## What the task requires
An exact copy of the lines from the start of the material below through the line containing "Predict an oriented" is the required answer, and it includes no pictures.

── Supplied information ──

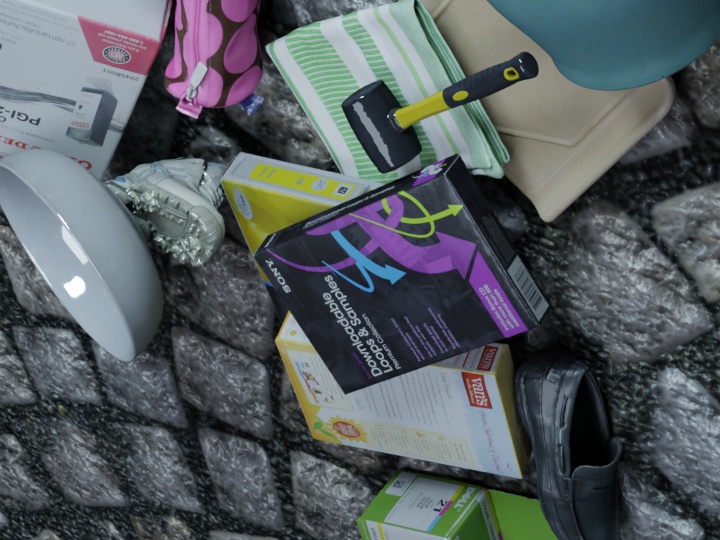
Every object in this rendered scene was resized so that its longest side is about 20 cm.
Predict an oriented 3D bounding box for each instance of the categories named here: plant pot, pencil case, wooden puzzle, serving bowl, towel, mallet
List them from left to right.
[{"bbox_3d":[-0.225,-0.023,1.775,0.200,0.066,0.200,48,162,21],"label":"serving bowl"},{"bbox_3d":[-0.114,-0.219,1.639,0.090,0.094,0.201,22,135,21],"label":"pencil case"},{"bbox_3d":[0.018,-0.128,1.631,0.199,0.023,0.153,-3,123,56],"label":"towel"},{"bbox_3d":[0.054,-0.130,1.532,0.066,0.041,0.200,54,145,-4],"label":"mallet"},{"bbox_3d":[0.119,-0.153,1.553,0.200,0.037,0.185,48,141,3],"label":"wooden puzzle"},{"bbox_3d":[0.151,-0.226,1.352,0.199,0.201,0.188,3,141,38],"label":"plant pot"}]

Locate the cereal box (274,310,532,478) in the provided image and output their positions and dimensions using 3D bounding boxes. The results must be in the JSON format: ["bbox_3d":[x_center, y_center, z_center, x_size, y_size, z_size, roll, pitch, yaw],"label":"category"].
[{"bbox_3d":[0.039,0.104,1.780,0.198,0.040,0.144,9,142,22],"label":"cereal box"}]

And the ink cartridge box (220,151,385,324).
[{"bbox_3d":[0.000,0.000,1.748,0.199,0.047,0.198,16,144,31],"label":"ink cartridge box"}]

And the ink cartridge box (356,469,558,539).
[{"bbox_3d":[0.112,0.269,1.890,0.199,0.076,0.149,8,129,37],"label":"ink cartridge box"}]

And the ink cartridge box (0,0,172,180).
[{"bbox_3d":[-0.251,-0.176,1.757,0.145,0.085,0.200,16,144,-13],"label":"ink cartridge box"}]

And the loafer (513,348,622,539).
[{"bbox_3d":[0.180,0.157,1.740,0.070,0.068,0.202,11,127,45],"label":"loafer"}]

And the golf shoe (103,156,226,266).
[{"bbox_3d":[-0.145,-0.064,1.763,0.200,0.097,0.079,22,143,61],"label":"golf shoe"}]

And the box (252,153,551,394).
[{"bbox_3d":[0.030,0.008,1.649,0.199,0.036,0.143,-22,109,37],"label":"box"}]
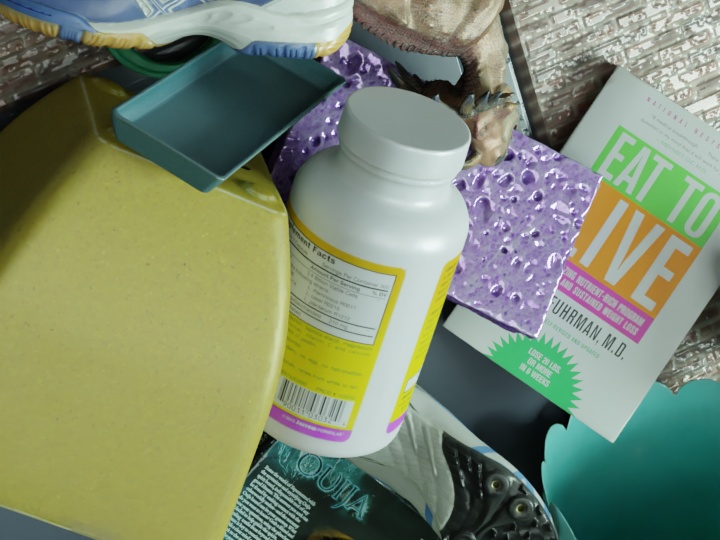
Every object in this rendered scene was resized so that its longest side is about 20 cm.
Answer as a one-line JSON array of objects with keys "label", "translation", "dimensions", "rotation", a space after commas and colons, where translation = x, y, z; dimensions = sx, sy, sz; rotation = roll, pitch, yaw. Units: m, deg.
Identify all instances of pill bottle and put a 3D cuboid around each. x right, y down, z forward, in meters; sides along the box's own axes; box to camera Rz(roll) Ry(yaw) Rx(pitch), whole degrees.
[{"label": "pill bottle", "translation": [0.000, 0.000, 1.226], "dimensions": [0.103, 0.104, 0.201], "rotation": [7, 121, -21]}]

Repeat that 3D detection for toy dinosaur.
[{"label": "toy dinosaur", "translation": [0.031, -0.154, 1.246], "dimensions": [0.199, 0.086, 0.136], "rotation": [30, 83, -10]}]

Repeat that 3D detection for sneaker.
[{"label": "sneaker", "translation": [0.046, 0.118, 1.347], "dimensions": [0.200, 0.072, 0.072], "rotation": [39, 108, 2]}, {"label": "sneaker", "translation": [-0.102, -0.171, 1.197], "dimensions": [0.198, 0.075, 0.089], "rotation": [1, 110, -7]}]

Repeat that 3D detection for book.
[{"label": "book", "translation": [0.162, -0.011, 1.370], "dimensions": [0.133, 0.048, 0.201], "rotation": [33, 96, 4]}]

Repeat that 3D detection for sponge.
[{"label": "sponge", "translation": [0.043, -0.050, 1.305], "dimensions": [0.199, 0.030, 0.112], "rotation": [26, 85, -17]}]

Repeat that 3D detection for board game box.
[{"label": "board game box", "translation": [-0.019, 0.193, 1.412], "dimensions": [0.200, 0.028, 0.135], "rotation": [41, 92, -26]}]

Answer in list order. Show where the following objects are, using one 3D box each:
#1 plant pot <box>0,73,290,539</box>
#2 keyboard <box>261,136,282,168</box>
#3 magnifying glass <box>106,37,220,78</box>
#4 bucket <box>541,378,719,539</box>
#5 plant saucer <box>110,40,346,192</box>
[{"label": "plant pot", "translation": [-0.138, 0.012, 1.195], "dimensions": [0.194, 0.194, 0.201], "rotation": [23, 107, -20]}, {"label": "keyboard", "translation": [0.009, -0.055, 1.332], "dimensions": [0.199, 0.040, 0.105], "rotation": [20, 83, -18]}, {"label": "magnifying glass", "translation": [-0.060, -0.161, 1.275], "dimensions": [0.198, 0.022, 0.080], "rotation": [-8, 111, -14]}, {"label": "bucket", "translation": [0.214, 0.180, 1.395], "dimensions": [0.206, 0.207, 0.136], "rotation": [-13, 123, -14]}, {"label": "plant saucer", "translation": [-0.071, -0.090, 1.179], "dimensions": [0.070, 0.200, 0.019], "rotation": [31, 117, 6]}]
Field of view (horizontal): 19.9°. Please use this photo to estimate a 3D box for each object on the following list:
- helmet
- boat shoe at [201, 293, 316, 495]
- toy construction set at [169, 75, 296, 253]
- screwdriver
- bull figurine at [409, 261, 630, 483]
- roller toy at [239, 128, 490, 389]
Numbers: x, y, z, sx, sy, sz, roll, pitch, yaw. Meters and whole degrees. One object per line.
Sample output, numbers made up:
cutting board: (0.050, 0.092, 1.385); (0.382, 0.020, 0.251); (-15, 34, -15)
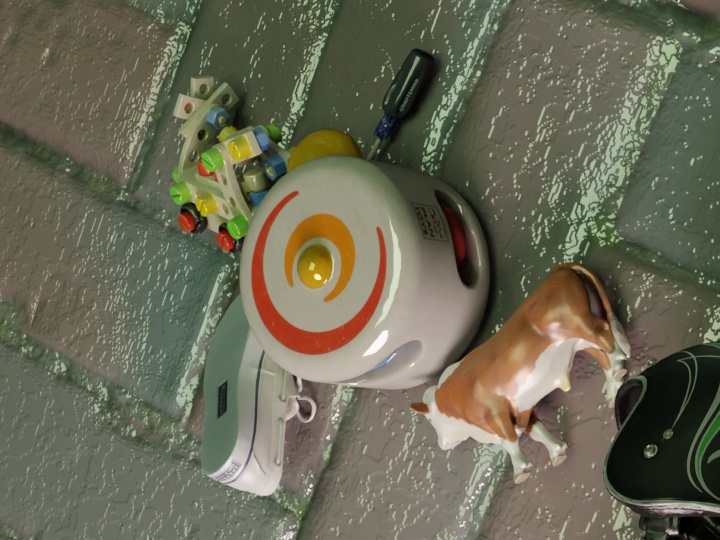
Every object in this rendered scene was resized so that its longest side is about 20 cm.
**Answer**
helmet: (0.261, 0.141, 1.410); (0.200, 0.200, 0.191); (-14, 32, 36)
boat shoe: (-0.080, 0.107, 1.755); (0.075, 0.086, 0.202); (-39, 33, 33)
toy construction set: (-0.117, -0.090, 1.776); (0.200, 0.092, 0.131); (-135, 29, -57)
screwdriver: (0.008, -0.098, 1.737); (0.028, 0.029, 0.200); (41, 108, 34)
bull figurine: (0.128, 0.088, 1.599); (0.200, 0.065, 0.121); (-51, 61, 24)
roller toy: (0.000, 0.000, 1.660); (0.182, 0.140, 0.200); (25, 99, 36)
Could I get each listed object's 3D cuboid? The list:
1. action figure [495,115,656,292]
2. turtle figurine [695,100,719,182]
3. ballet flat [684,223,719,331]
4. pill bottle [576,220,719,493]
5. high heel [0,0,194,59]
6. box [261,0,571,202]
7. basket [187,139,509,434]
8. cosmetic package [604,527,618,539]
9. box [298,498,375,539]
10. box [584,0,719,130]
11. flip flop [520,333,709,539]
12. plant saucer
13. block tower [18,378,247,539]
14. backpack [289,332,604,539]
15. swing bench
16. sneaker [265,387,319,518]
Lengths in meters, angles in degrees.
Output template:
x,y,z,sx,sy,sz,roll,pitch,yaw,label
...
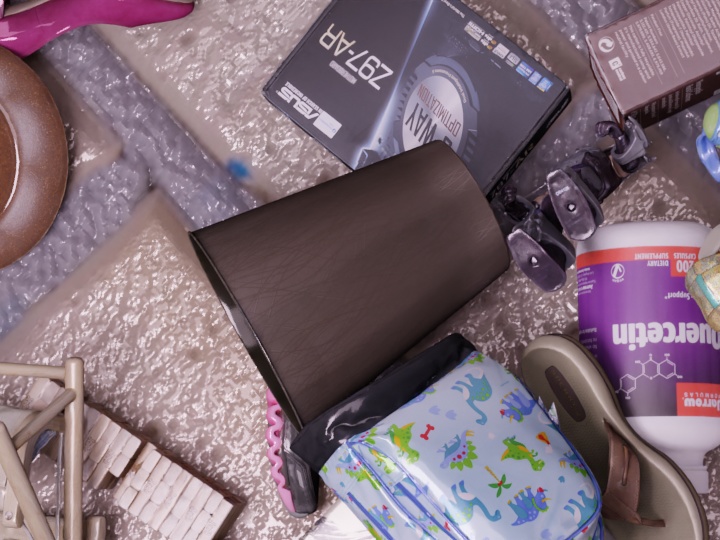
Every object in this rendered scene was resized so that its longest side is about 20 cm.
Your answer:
x,y,z,sx,sy,sz,roll,pitch,yaw,label
0.159,-0.061,1.428,0.130,0.200,0.069,-42,96,23,action figure
0.364,-0.097,1.397,0.192,0.200,0.145,12,53,-20,turtle figurine
0.286,-0.011,1.397,0.070,0.200,0.071,8,109,25,ballet flat
0.221,0.068,1.438,0.111,0.112,0.202,-3,83,9,pill bottle
-0.237,-0.199,1.584,0.198,0.068,0.097,6,112,6,high heel
0.044,-0.141,1.526,0.200,0.044,0.161,40,90,11,box
0.000,0.000,1.417,0.199,0.136,0.181,-29,67,-8,basket
0.165,0.252,1.409,0.199,0.090,0.107,28,53,1,cosmetic package
0.009,0.209,1.476,0.082,0.068,0.200,43,91,11,box
0.277,-0.183,1.468,0.199,0.100,0.075,-27,80,6,box
0.174,0.137,1.368,0.081,0.057,0.201,-38,81,40,flip flop
-0.339,-0.092,1.562,0.198,0.037,0.202,2,97,13,plant saucer
-0.182,0.158,1.520,0.199,0.054,0.058,34,90,11,block tower
0.078,0.152,1.331,0.163,0.154,0.201,-28,85,-34,backpack
-0.313,0.176,1.474,0.197,0.130,0.202,3,112,22,swing bench
-0.029,0.094,1.500,0.094,0.079,0.202,1,84,-3,sneaker

───

## Reply to the exercise
Every object in this rendered scene was resized so that its longest side is about 20 cm.
Predict an oriented 3D bounding box for each instance of the categories named here: plant pot, pencil case, wooden puzzle, serving bowl, towel, mallet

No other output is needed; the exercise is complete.